Jack dismissed the thought as soon as it touched him, but couldn't help listening to the clearness of the night. Bright and with a good moon, the Mail coach would be making good time tonight up the Great North Road and anyone quick enough to stand in their way would have everything on their side… the call itched within him, making him for one crazy minute consider leaving the boy asleep- then he caught himself and put the idea away.
No. Not tonight. Tonight he was bear leading this hell born babe. Jack grinned at the thought and settled himself to consider what best to do with the boy.
Bally informed him clearly at daybreak, that Mr Kennet was intending to take the cob and make his escape. Jack lifted his head from the folds of his coat and fixed blue eyes with his own, piercing green ones.
"Chasing anyone or anything before breakfast lad, puts me RIGHT out of temper."
Kit's eyes widened very slightly but with genuine alarm. The bruises on his face were black this morning.
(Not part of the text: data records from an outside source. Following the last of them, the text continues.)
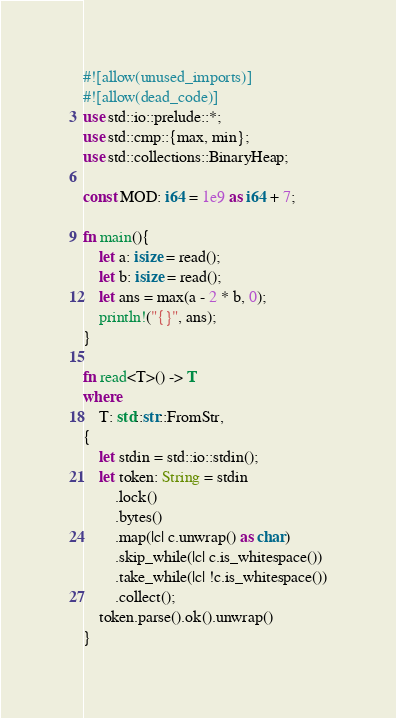Convert code to text. <code><loc_0><loc_0><loc_500><loc_500><_Rust_>#![allow(unused_imports)]
#![allow(dead_code)]
use std::io::prelude::*;
use std::cmp::{max, min};
use std::collections::BinaryHeap;

const MOD: i64 = 1e9 as i64 + 7;

fn main(){
    let a: isize = read();
    let b: isize = read();
    let ans = max(a - 2 * b, 0);
    println!("{}", ans);
}

fn read<T>() -> T
where
    T: std::str::FromStr,
{
    let stdin = std::io::stdin();
    let token: String = stdin
        .lock()
        .bytes()
        .map(|c| c.unwrap() as char)
        .skip_while(|c| c.is_whitespace())
        .take_while(|c| !c.is_whitespace())
        .collect();
    token.parse().ok().unwrap()
}
</code> 
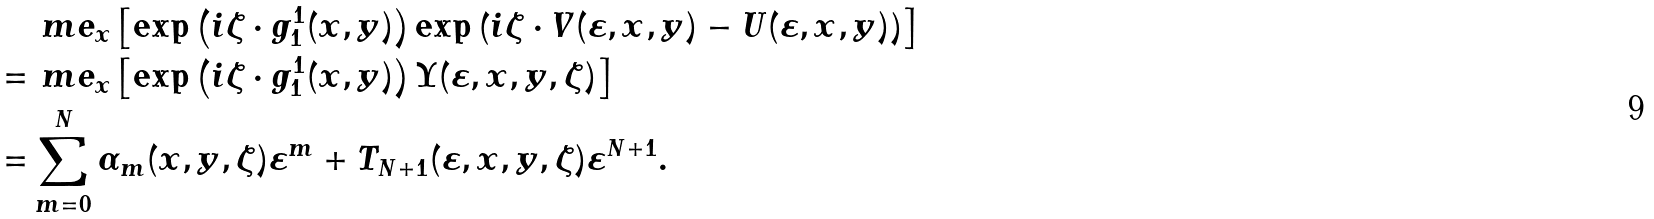<formula> <loc_0><loc_0><loc_500><loc_500>& \ m e _ { x } \left [ \exp \left ( i \zeta \cdot g ^ { 1 } _ { 1 } ( x , y ) \right ) \exp \left ( i \zeta \cdot V ( \varepsilon , x , y ) - U ( \varepsilon , x , y ) \right ) \right ] \\ = & \ m e _ { x } \left [ \exp \left ( i \zeta \cdot g ^ { 1 } _ { 1 } ( x , y ) \right ) \Upsilon ( \varepsilon , x , y , \zeta ) \right ] \\ = & \sum _ { m = 0 } ^ { N } \alpha _ { m } ( x , y , \zeta ) \varepsilon ^ { m } + T _ { N + 1 } ( \varepsilon , x , y , \zeta ) \varepsilon ^ { N + 1 } .</formula> 
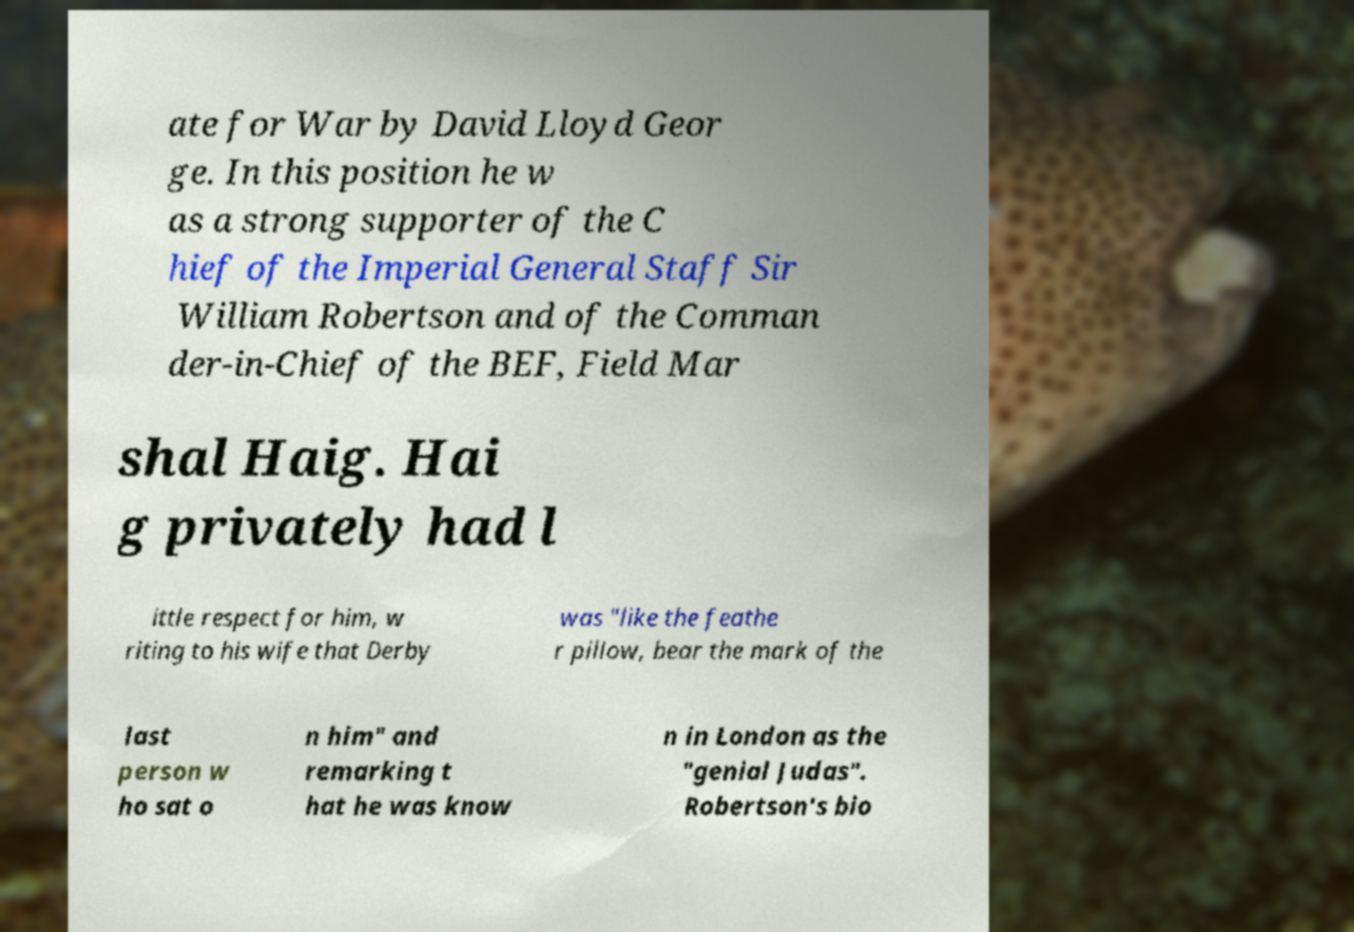Please identify and transcribe the text found in this image. ate for War by David Lloyd Geor ge. In this position he w as a strong supporter of the C hief of the Imperial General Staff Sir William Robertson and of the Comman der-in-Chief of the BEF, Field Mar shal Haig. Hai g privately had l ittle respect for him, w riting to his wife that Derby was "like the feathe r pillow, bear the mark of the last person w ho sat o n him" and remarking t hat he was know n in London as the "genial Judas". Robertson's bio 
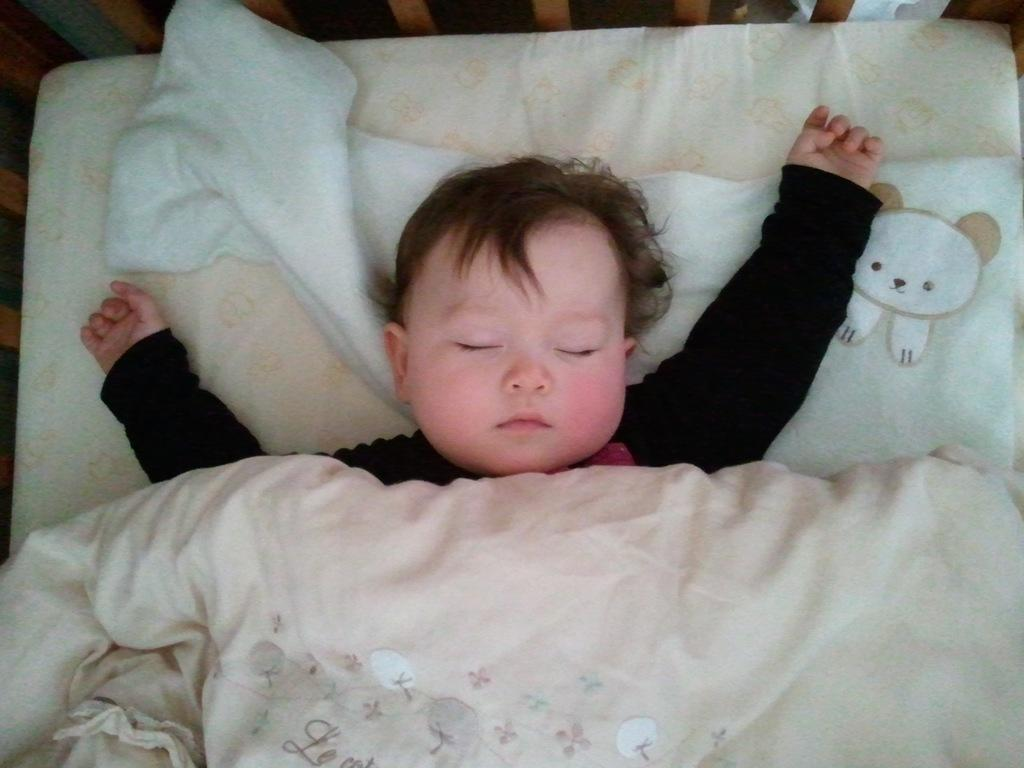What is the main subject of the picture? The main subject of the picture is an infant. What is the infant doing in the picture? The infant is sleeping. What is the infant wearing in the picture? The infant is wearing a black shirt. Is there anything covering the infant in the picture? Yes, there is a blanket on the baby. What type of trucks can be seen in the background of the picture? There are no trucks visible in the picture; it features an infant sleeping with a blanket. Is there a lock on the baby's crib in the picture? There is no crib present in the picture, so it is not possible to determine if there is a lock on it. 
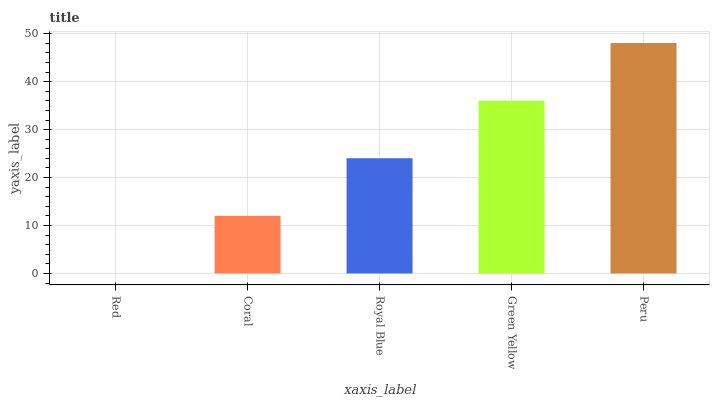Is Red the minimum?
Answer yes or no. Yes. Is Peru the maximum?
Answer yes or no. Yes. Is Coral the minimum?
Answer yes or no. No. Is Coral the maximum?
Answer yes or no. No. Is Coral greater than Red?
Answer yes or no. Yes. Is Red less than Coral?
Answer yes or no. Yes. Is Red greater than Coral?
Answer yes or no. No. Is Coral less than Red?
Answer yes or no. No. Is Royal Blue the high median?
Answer yes or no. Yes. Is Royal Blue the low median?
Answer yes or no. Yes. Is Peru the high median?
Answer yes or no. No. Is Red the low median?
Answer yes or no. No. 
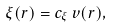<formula> <loc_0><loc_0><loc_500><loc_500>\xi ( { r } ) = c _ { \xi } \, v ( { r } ) ,</formula> 
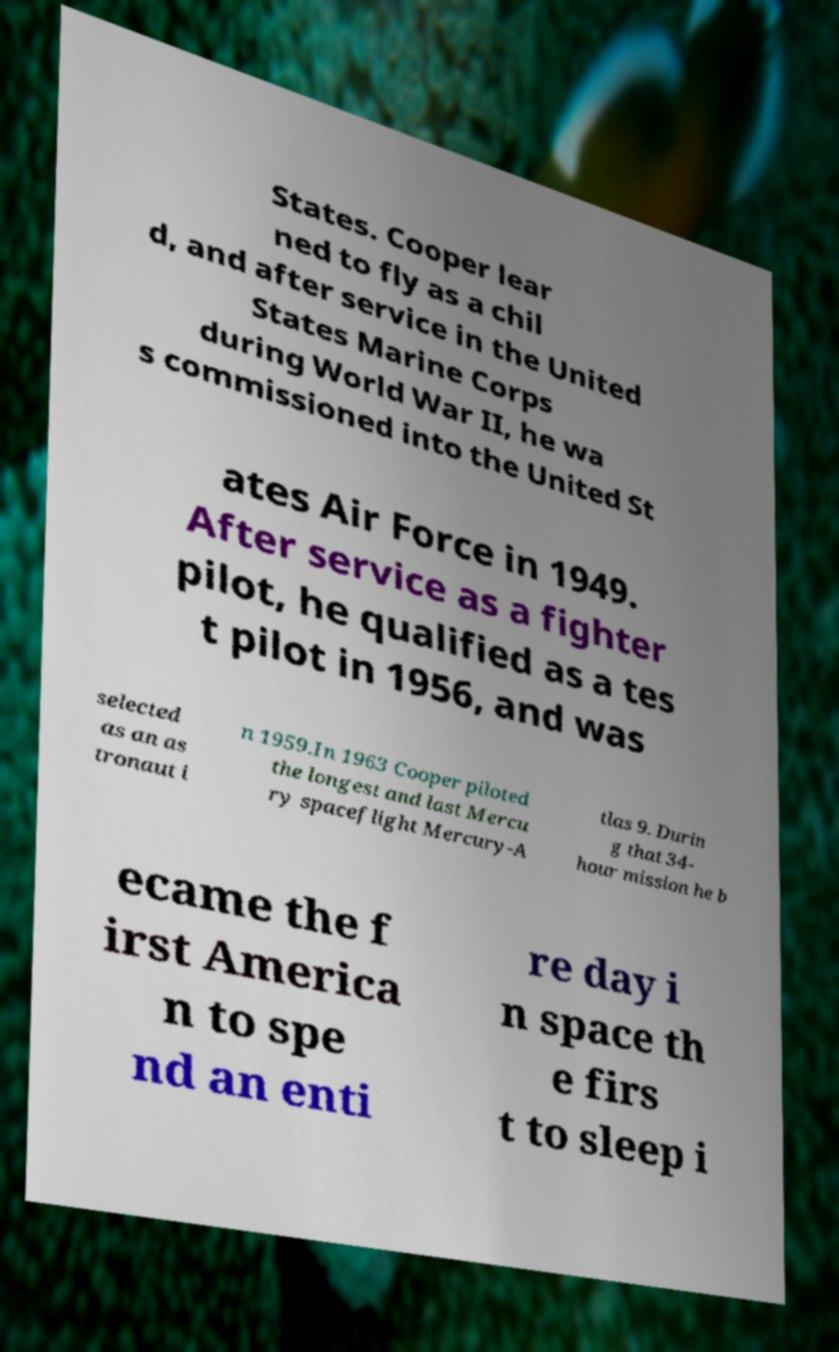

Jack got to his feet, softening his voice.
"If you'll wait a minute while I get the cob saddled and the fire out we can find somewhere civilised to eat."
"I WON'T go home." Kit said plainly in tones that said he was prepared to resist any and all arguments to the contrary.
"I won't take you home." Jack said simply. "There's a village two miles from here with an inn I know."
"What are we going to do?" Kit said uncertainly, watching his mentor kick out the small and now smouldering fire. Jack picked up his cloak and the cob's saddle.
"You're going to write a letter to your mother, telling her you're safe and under my protection. And then I think you had better come with me to London. I was headed that way, I have business there, you can come with me for the time being."